Many of the algorithms developed at DOCOMO Beijing Labs involve complex processes and computationally intensive operations, including statistical signal processing, channel encoding and decoding, and complex operations on large matrices. The researchers sought to avoid programming these algorithms in a low-level language such as C or C++. With these languages, the team would spend an inordinate amount of time coding, searching for libraries, debugging, and plotting results.

Because the wireless systems DOCOMO Beijing Labs develops are highly complex, their system performance and robustness cannot be validated analytically. Instead, they rely on Monte Carlo simulations that test a range of scenarios and parameter values, including different network layouts, channel models, modulation orders, channel coding rates, and interference levels.

System-level simulations typically involve dozens of base stations and hundreds of devices. Running these simulations on a single computer took weeks. The researchers’ initial attempts at running them on a cluster involved manually distributing the jobs to different systems and then collecting and aggregating the results. The process was time-consuming and error-prone.


DOCOMO Beijing Labs used MATLAB and companion toolboxes to accelerate the exploration and development of sophisticated communications algorithms, which they simulated on a computing cluster using Parallel Computing Toolbox and MATLAB Parallel Server.

Researchers used MATLAB to interactively explore algorithm ideas and visualize the results of complex computations.

They developed a complete transmit-and-receive chain using MATLAB, filtering functions in Signal Processing Toolbox, and modulation, demodulation, encoding, and decoding functions in Communications Toolbox.

The researchers used this chain as a simulation framework for verifying advanced algorithms developed in MATLAB. For example, when developing a new modulation scheme for a next-generation device, they replaced calls to the modulator and demodulator functions in Signal Processing Toolbox with calls to their new custom functions.

The team then ran link-level simulations in MATLAB to verify the algorithm’s functionality and its robustness in the presence of channel noise.

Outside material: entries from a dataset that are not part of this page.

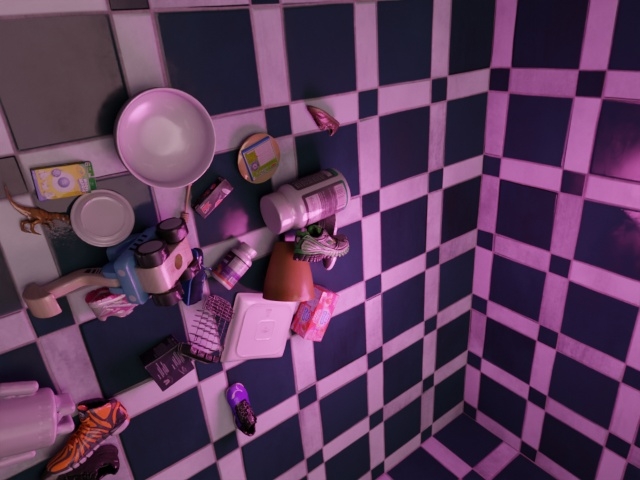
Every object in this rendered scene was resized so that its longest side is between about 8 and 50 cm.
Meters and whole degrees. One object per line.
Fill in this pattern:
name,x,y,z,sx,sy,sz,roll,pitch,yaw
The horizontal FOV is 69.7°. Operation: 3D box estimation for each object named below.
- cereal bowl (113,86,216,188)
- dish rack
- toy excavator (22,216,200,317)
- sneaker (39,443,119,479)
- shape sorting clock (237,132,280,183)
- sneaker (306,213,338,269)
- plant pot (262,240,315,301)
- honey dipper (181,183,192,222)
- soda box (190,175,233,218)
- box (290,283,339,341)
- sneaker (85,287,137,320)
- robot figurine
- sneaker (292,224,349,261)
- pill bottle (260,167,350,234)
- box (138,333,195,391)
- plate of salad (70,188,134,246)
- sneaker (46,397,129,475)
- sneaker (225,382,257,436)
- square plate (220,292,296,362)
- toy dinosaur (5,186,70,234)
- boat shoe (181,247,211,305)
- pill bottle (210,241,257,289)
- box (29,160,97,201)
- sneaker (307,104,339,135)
cereal bowl,-0.542,-0.353,1.581,0.338,0.141,0.339,-15,116,-34
dish rack,-0.469,0.372,1.941,0.208,0.074,0.272,47,51,-52
toy excavator,-0.709,0.113,1.601,0.433,0.444,0.223,-68,154,-54
sneaker,-0.927,0.896,1.788,0.286,0.130,0.109,-10,116,-34
shape sorting clock,-0.251,-0.336,1.885,0.206,0.040,0.206,-17,116,-37
sneaker,0.000,0.000,2.187,0.146,0.104,0.296,-6,105,-35
plant pot,-0.139,0.131,2.062,0.237,0.237,0.255,-1,94,-38
honey dipper,-0.513,-0.147,1.764,0.030,0.030,0.161,1,103,-39
soda box,-0.425,-0.170,1.806,0.169,0.053,0.060,-49,130,-11
box,-0.028,0.356,2.285,0.122,0.128,0.257,19,95,-41
sneaker,-0.724,0.217,1.703,0.252,0.103,0.111,-16,121,-26
robot figurine,-1.028,0.613,1.544,0.353,0.199,0.300,-1,98,-39
sneaker,0.016,0.003,2.016,0.343,0.134,0.147,-9,103,-54
pill bottle,-0.066,-0.169,1.992,0.360,0.204,0.204,-24,121,-29
box,-0.629,0.501,1.888,0.158,0.093,0.156,-35,125,-24
plate of salad,-0.744,-0.076,1.574,0.199,0.048,0.200,6,78,-30
sneaker,-0.910,0.721,1.751,0.321,0.124,0.180,-38,124,-34
sneaker,-0.361,0.816,2.193,0.102,0.146,0.294,-26,122,-28
square plate,-0.274,0.415,2.166,0.347,0.049,0.344,6,104,-40
toy dinosaur,-0.915,-0.080,1.460,0.211,0.064,0.113,26,73,-51
boat shoe,-0.504,0.139,1.854,0.089,0.109,0.258,-9,130,-43
pill bottle,-0.359,0.102,1.932,0.193,0.108,0.108,-50,130,-12
box,-0.824,-0.194,1.487,0.179,0.043,0.105,-18,118,-34
sneaker,0.009,-0.520,2.002,0.188,0.066,0.071,21,95,-41
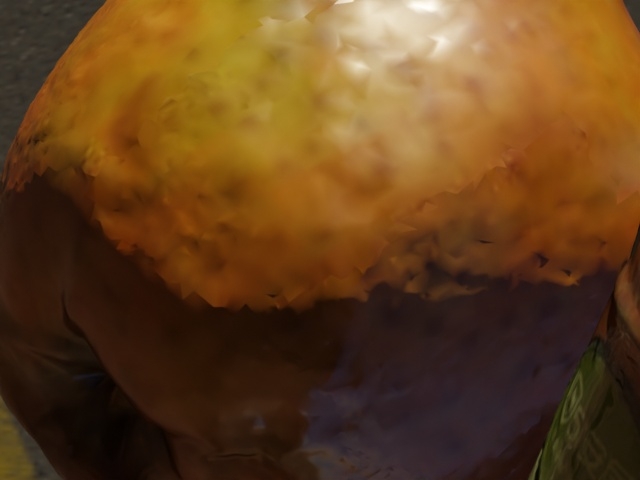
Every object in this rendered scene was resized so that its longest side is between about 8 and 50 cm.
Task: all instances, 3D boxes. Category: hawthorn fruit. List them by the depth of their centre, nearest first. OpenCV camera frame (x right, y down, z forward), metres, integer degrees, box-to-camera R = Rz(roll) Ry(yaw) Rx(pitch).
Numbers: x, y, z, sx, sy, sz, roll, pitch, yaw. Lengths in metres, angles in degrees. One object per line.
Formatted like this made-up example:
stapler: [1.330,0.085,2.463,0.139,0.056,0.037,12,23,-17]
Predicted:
hawthorn fruit: [0.000,0.000,1.108,0.472,0.472,0.471,5,83,-44]

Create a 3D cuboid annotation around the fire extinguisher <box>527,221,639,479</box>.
fire extinguisher: [0.089,0.078,0.472,0.113,0.200,0.376,5,121,-30]
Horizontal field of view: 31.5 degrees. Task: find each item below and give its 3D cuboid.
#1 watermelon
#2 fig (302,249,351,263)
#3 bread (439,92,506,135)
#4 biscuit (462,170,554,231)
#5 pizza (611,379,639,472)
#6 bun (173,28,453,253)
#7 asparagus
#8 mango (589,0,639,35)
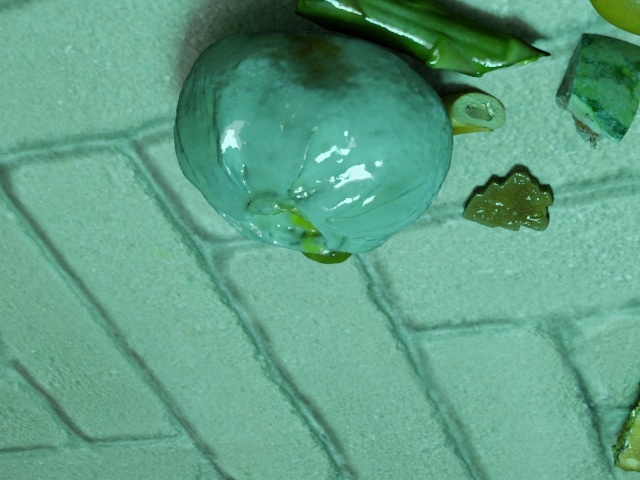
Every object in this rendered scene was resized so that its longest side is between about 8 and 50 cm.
[{"bbox_3d":[0.339,-0.187,1.384,0.098,0.121,0.158,29,-177,5],"label":"watermelon"},{"bbox_3d":[0.000,0.000,1.658,0.084,0.082,0.098,-8,166,-30],"label":"fig"},{"bbox_3d":[0.178,-0.162,1.442,0.103,0.049,0.062,-7,162,20],"label":"bread"},{"bbox_3d":[0.256,-0.052,1.567,0.130,0.019,0.119,-10,134,24],"label":"biscuit"},{"bbox_3d":[0.586,0.273,1.791,0.335,0.086,0.226,-30,118,36],"label":"pizza"},{"bbox_3d":[-0.015,-0.108,1.403,0.362,0.211,0.362,15,149,9],"label":"bun"},{"bbox_3d":[0.104,-0.256,1.344,0.343,0.082,0.085,20,102,-9],"label":"asparagus"},{"bbox_3d":[0.389,-0.283,1.206,0.221,0.120,0.151,8,142,-4],"label":"mango"}]
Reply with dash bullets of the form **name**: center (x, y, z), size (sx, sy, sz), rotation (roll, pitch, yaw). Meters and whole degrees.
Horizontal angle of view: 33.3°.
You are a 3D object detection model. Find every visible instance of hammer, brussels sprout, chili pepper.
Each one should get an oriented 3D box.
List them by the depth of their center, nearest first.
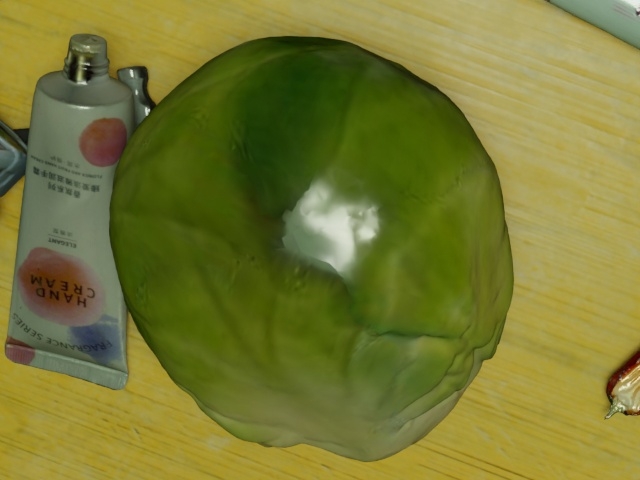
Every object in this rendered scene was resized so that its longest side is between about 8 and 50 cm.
- **brussels sprout**: center (0.000, 0.000, 0.855), size (0.344, 0.268, 0.344), rotation (7, 124, 11)
- **chili pepper**: center (0.312, 0.093, 0.941), size (0.045, 0.027, 0.178), rotation (40, 103, -6)
- **hammer**: center (-0.265, -0.087, 0.978), size (0.246, 0.029, 0.103), rotation (-10, 99, 10)

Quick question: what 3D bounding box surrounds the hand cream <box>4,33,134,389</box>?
- **hand cream**: center (-0.218, -0.017, 0.944), size (0.124, 0.078, 0.341), rotation (13, 117, 5)

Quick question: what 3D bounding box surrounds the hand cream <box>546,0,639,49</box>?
- **hand cream**: center (0.189, -0.233, 0.883), size (0.331, 0.058, 0.085), rotation (30, 120, 5)

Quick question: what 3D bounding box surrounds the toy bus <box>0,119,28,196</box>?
- **toy bus**: center (-0.390, 0.017, 0.904), size (0.109, 0.136, 0.330), rotation (39, 87, 1)
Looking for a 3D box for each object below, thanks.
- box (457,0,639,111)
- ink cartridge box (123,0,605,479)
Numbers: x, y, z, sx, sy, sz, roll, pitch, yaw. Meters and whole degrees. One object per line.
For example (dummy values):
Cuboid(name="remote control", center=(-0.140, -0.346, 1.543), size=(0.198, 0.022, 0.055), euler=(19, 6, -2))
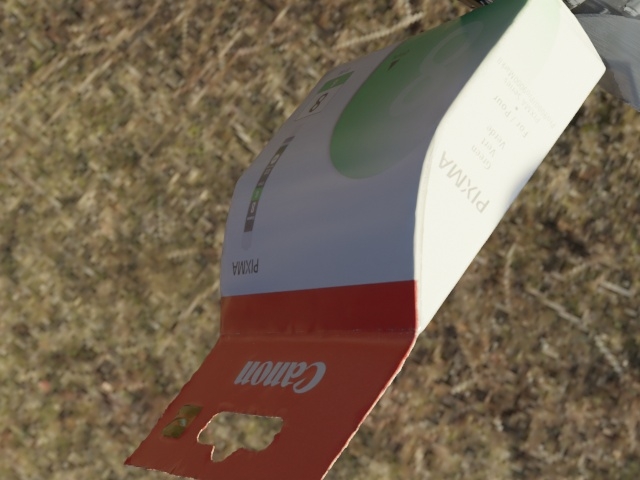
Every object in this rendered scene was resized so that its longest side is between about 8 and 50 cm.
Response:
Cuboid(name="box", center=(0.114, -0.151, 0.501), size=(0.183, 0.056, 0.231), euler=(32, 160, 0))
Cuboid(name="ink cartridge box", center=(0.000, 0.000, 0.560), size=(0.056, 0.224, 0.181), euler=(47, 156, -17))
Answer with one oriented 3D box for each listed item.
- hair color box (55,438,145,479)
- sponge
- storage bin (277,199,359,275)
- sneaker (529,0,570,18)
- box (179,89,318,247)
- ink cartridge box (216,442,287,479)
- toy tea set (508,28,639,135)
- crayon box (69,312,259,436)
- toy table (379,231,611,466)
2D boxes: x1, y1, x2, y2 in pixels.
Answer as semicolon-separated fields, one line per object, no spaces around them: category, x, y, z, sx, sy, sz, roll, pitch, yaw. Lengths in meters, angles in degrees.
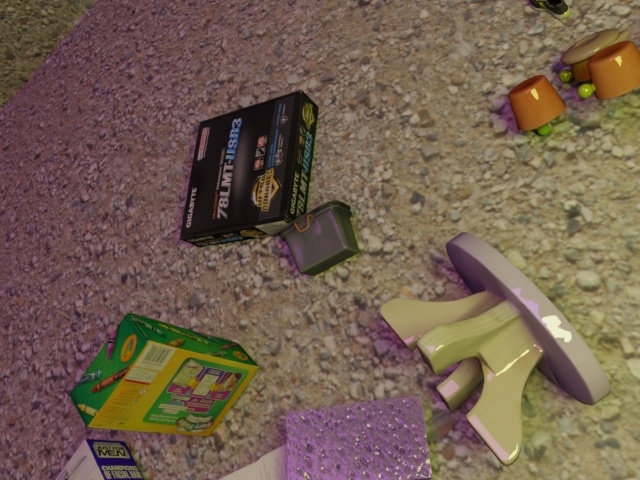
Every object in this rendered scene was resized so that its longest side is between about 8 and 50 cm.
hair color box;-0.384;0.554;1.025;0.339;0.110;0.185;40;97;37
sponge;0.053;0.301;0.826;0.210;0.031;0.117;-9;58;6
storage bin;0.000;0.000;1.013;0.135;0.098;0.091;-30;67;21
sneaker;0.388;-0.408;0.950;0.031;0.035;0.083;-49;52;6
box;-0.155;-0.146;1.191;0.293;0.073;0.296;-7;66;31
ink cartridge box;-0.041;0.474;0.849;0.261;0.066;0.296;-32;55;19
toy tea set;0.443;-0.232;0.794;0.336;0.124;0.200;-14;27;49
crayon box;-0.253;0.239;0.958;0.081;0.278;0.165;38;94;38
toy table;0.210;0.135;0.732;0.160;0.252;0.274;-36;44;-4
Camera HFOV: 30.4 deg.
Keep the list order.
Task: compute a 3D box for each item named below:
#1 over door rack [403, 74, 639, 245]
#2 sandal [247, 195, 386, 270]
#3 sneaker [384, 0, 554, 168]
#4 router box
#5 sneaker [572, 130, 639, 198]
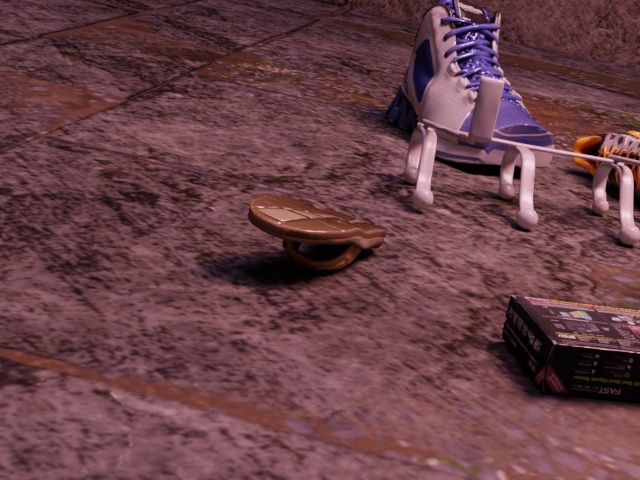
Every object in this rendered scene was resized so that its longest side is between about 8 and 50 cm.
[{"bbox_3d":[0.220,-0.067,1.150,0.239,0.108,0.324,9,-3,-6],"label":"over door rack"},{"bbox_3d":[0.000,0.000,0.969,0.072,0.049,0.180,25,7,24],"label":"sandal"},{"bbox_3d":[0.181,-0.209,1.499,0.127,0.182,0.315,2,19,-22],"label":"sneaker"},{"bbox_3d":[0.202,0.078,0.844,0.122,0.038,0.092,7,18,-12],"label":"router box"},{"bbox_3d":[0.373,-0.087,1.414,0.083,0.084,0.215,3,9,-12],"label":"sneaker"}]
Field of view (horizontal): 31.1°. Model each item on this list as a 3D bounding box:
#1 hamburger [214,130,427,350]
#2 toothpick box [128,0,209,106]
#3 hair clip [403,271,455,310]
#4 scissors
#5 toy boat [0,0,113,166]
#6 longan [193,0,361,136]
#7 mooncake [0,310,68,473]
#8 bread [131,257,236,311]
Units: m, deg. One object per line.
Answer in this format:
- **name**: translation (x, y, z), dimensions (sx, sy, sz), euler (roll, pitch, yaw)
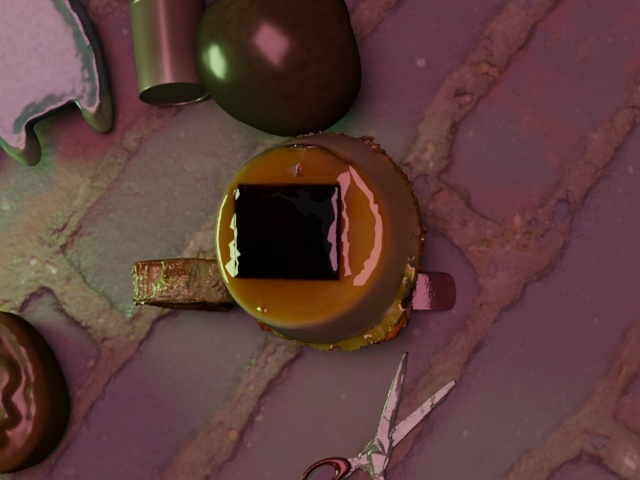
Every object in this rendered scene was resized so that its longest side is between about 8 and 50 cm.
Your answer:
- **hamburger**: translation (0.000, 0.000, 1.526), dimensions (0.276, 0.179, 0.294), euler (-3, 87, 23)
- **toothpick box**: translation (-0.219, -0.297, 1.675), dimensions (0.111, 0.111, 0.181), euler (-9, 79, 10)
- **hair clip**: translation (0.116, 0.070, 1.579), dimensions (0.137, 0.022, 0.054), euler (-1, 82, 12)
- **scissors**: translation (0.085, 0.275, 1.550), dimensions (0.144, 0.017, 0.248), euler (31, 85, 15)
- **toy boat**: translation (-0.438, -0.282, 1.733), dimensions (0.215, 0.123, 0.330), euler (-28, 87, 1)
- **longan**: translation (-0.051, -0.258, 1.583), dimensions (0.246, 0.215, 0.246), euler (0, 89, -9)
- **mooncake**: translation (-0.474, 0.211, 1.630), dimensions (0.234, 0.117, 0.235), euler (-2, 80, 14)
- **bread**: translation (-0.185, 0.061, 1.589), dimensions (0.140, 0.128, 0.069), euler (1, 84, 13)
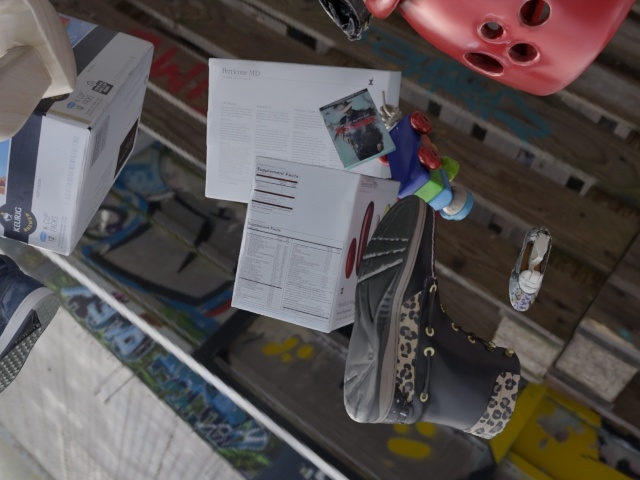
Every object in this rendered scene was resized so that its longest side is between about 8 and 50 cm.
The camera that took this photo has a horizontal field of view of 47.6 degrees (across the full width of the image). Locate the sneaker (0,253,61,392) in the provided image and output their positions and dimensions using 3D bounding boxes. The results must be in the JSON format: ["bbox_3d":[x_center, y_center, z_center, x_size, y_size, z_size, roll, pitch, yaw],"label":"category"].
[{"bbox_3d":[-0.500,0.125,1.049,0.163,0.226,0.086,35,179,13],"label":"sneaker"}]

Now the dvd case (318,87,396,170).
[{"bbox_3d":[0.057,-0.177,1.152,0.013,0.087,0.119,63,-175,-67],"label":"dvd case"}]

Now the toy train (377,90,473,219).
[{"bbox_3d":[0.173,-0.147,1.212,0.143,0.248,0.105,29,127,-29],"label":"toy train"}]

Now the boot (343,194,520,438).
[{"bbox_3d":[0.127,0.086,0.764,0.179,0.236,0.085,18,165,-25],"label":"boot"}]

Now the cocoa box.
[{"bbox_3d":[-0.429,-0.186,1.127,0.228,0.347,0.231,17,124,-7],"label":"cocoa box"}]

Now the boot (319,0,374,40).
[{"bbox_3d":[0.090,-0.382,1.111,0.263,0.229,0.091,44,145,-24],"label":"boot"}]

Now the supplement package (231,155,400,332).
[{"bbox_3d":[0.000,0.000,1.001,0.149,0.194,0.203,13,97,21],"label":"supplement package"}]

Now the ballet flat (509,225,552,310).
[{"bbox_3d":[0.268,0.033,0.919,0.041,0.114,0.041,17,170,3],"label":"ballet flat"}]

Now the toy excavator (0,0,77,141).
[{"bbox_3d":[-0.373,-0.145,0.639,0.222,0.432,0.445,-10,154,6],"label":"toy excavator"}]

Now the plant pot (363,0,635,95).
[{"bbox_3d":[0.130,-0.224,0.544,0.174,0.191,0.191,16,147,-7],"label":"plant pot"}]

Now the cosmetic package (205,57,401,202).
[{"bbox_3d":[-0.041,-0.209,1.448,0.377,0.097,0.284,9,107,19],"label":"cosmetic package"}]
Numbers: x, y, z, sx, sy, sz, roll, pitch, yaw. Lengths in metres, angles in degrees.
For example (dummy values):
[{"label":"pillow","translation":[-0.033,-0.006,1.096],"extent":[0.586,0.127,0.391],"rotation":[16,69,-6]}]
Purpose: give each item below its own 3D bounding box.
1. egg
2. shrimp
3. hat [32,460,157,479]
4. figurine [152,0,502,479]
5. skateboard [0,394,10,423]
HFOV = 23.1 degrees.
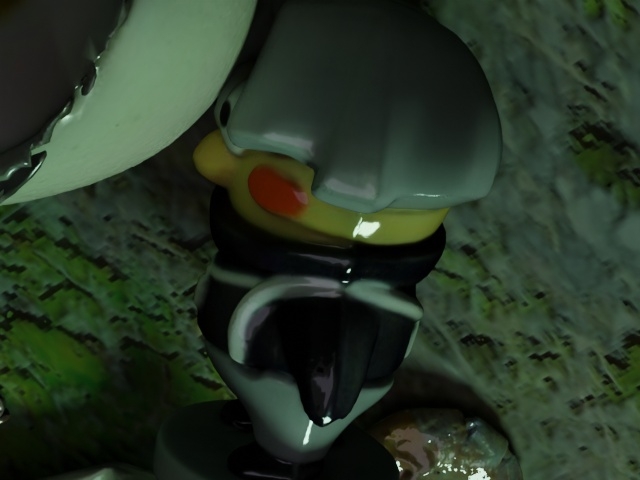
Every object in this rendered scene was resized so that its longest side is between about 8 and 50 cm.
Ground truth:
[{"label":"egg","translation":[-0.138,-0.149,0.654],"extent":[0.264,0.174,0.286],"rotation":[-35,78,24]},{"label":"shrimp","translation":[0.072,0.174,0.869],"extent":[0.101,0.042,0.190],"rotation":[-16,114,3]},{"label":"hat","translation":[-0.111,0.243,0.890],"extent":[0.214,0.149,0.245],"rotation":[-51,141,-8]},{"label":"figurine","translation":[0.000,0.000,0.721],"extent":[0.133,0.176,0.236],"rotation":[7,108,-14]},{"label":"skateboard","translation":[-0.204,0.107,0.826],"extent":[0.064,0.083,0.032],"rotation":[-11,116,10]}]
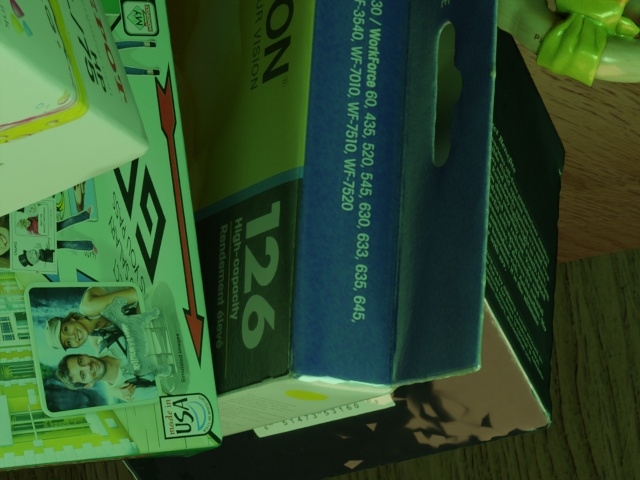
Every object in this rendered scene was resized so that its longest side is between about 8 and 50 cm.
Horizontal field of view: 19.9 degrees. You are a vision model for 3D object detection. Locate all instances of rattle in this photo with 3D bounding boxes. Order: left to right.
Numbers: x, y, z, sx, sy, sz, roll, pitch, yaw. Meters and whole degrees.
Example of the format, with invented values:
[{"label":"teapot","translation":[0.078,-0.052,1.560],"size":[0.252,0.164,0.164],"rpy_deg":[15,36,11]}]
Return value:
[{"label":"rattle","translation":[0.213,-0.192,1.229],"size":[0.200,0.142,0.130],"rpy_deg":[-20,-147,-37]}]

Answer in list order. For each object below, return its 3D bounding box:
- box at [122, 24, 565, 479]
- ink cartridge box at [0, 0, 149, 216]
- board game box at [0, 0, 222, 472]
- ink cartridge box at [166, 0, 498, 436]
[{"label":"box","translation":[0.000,0.000,1.272],"size":[0.296,0.294,0.182],"rpy_deg":[-16,125,21]},{"label":"ink cartridge box","translation":[-0.218,-0.111,0.738],"size":[0.197,0.198,0.270],"rpy_deg":[-21,170,6]},{"label":"board game box","translation":[-0.173,-0.038,0.943],"size":[0.213,0.317,0.046],"rpy_deg":[-3,168,-31]},{"label":"ink cartridge box","translation":[-0.020,-0.056,1.007],"size":[0.072,0.303,0.307],"rpy_deg":[13,161,-27]}]

After characterizing device-to-device performance, researchers developed system-level models that comprise multiple base stations and hundreds of mobile devices.

Using Parallel Computing Toolbox, the researchers accelerated simulations by executing multiple tasks concurrently on a multicore processor.

Requiring just a few minor modifications to the algorithm, this step verified the parallel version of the algorithm on a single computer in preparation for deployment on the lab’s 32-core computing cluster.

With MATLAB Parallel Server, the researchers performed numerous Monte Carlo simulations on the cluster to obtain bit error rate, block error rate, system throughput, outage percentages, and other statistics. These simulations enabled the team to compare the performance of different algorithms, assess robustness in poor channel conditions, and evaluate throughput across the network and at the cell edge.

DOCOMO Beijing Labs recently demonstrated a hardware implementation of two designs developed and verified using MATLAB: an 8x8 MIMO OFDM system and a multiuser MIMO for TD-LTE.


  • Development time halved. DOCOMO Beijing Labs researchers estimate that using MATLAB reduced development time by 50% compared with traditional C or C++ development. Instead of spending time on low-level coding details, the researchers can use high-level communications systems functions to rapidly and interactively develop new algorithms.

  • Simulation time reduced from weeks to hours. When executed on a single processor, some of the lab’s extensive simulations took weeks to complete. With Parallel Computing Toolbox and MATLAB Parallel Server, the same simulations were run on the lab’s 32-core cluster and completed within hours.

  • Five times more scenarios verified. In the past, time constraints forced researchers to omit some tests and simulation scenarios. With the time savings from rapid algorithm development in MATLAB and distributed simulations on the cluster, the lab has increased the number of simulations it runs by a factor of five, giving the researchers increased confidence in the robustness of their designs.